All of the lines below need to be copied exactly, apart from the pictures.

Extracted data entries |
╭──

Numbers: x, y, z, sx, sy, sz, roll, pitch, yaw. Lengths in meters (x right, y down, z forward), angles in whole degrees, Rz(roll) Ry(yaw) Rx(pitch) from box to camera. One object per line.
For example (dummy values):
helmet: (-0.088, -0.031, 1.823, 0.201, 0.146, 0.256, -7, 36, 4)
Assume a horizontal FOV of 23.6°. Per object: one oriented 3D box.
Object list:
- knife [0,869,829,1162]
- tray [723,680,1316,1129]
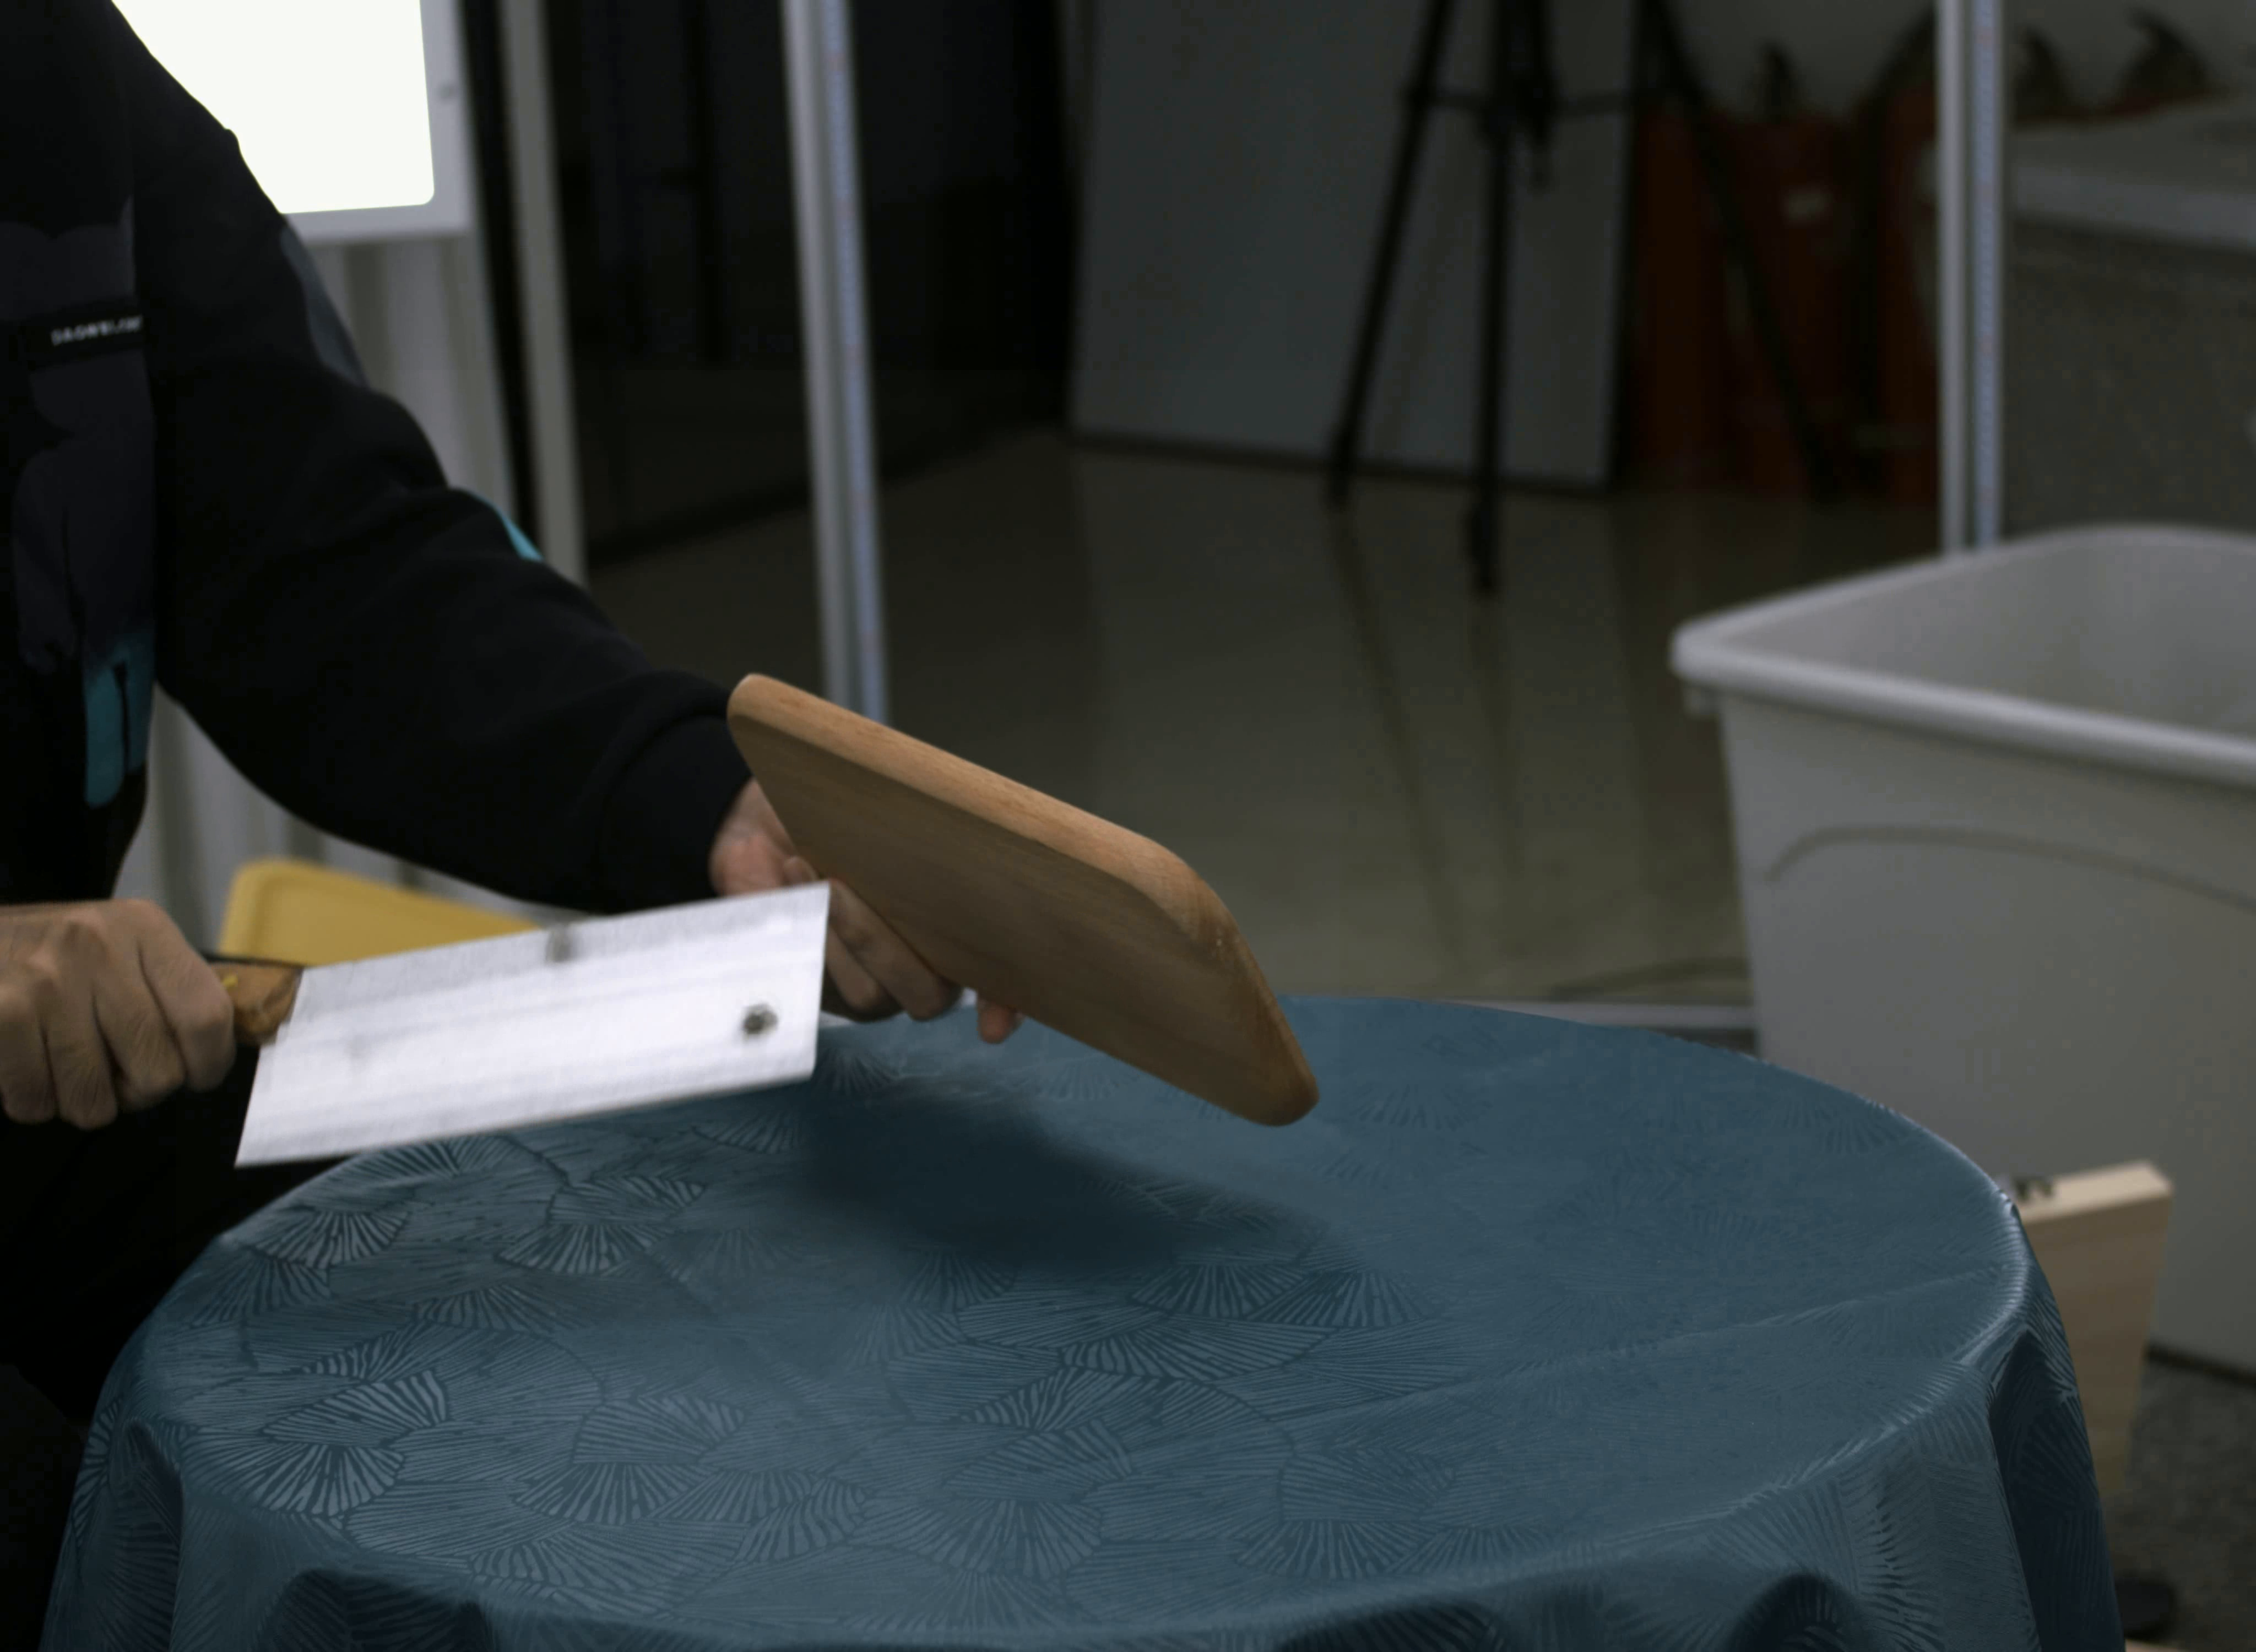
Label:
knife: (-0.241, 0.068, 1.727, 0.303, 0.021, 0.093, -11, 38, 10)
tray: (-0.040, 0.026, 1.776, 0.022, 0.130, 0.253, -42, 37, -24)

╰──

Response below |
Numbers: x, y, z, sx, sy, sz, roll, pitch, yaw. Lengths in meters (x right, y down, z forward), angles in whole degrees, Rz(roll) Ry(yaw) Rx(pitch) from box to camera. One object per line.
For example (dummy values):
helmet: (-0.088, -0.031, 1.823, 0.201, 0.146, 0.256, -7, 36, 4)
Assume a horizontal FOV of 23.6°. Per object: one oriented 3D box.
Object list:
- knife [0,869,829,1162]
- tray [723,680,1316,1129]
Label:
knife: (-0.241, 0.068, 1.727, 0.303, 0.021, 0.093, -11, 38, 10)
tray: (-0.040, 0.026, 1.776, 0.022, 0.130, 0.253, -42, 37, -24)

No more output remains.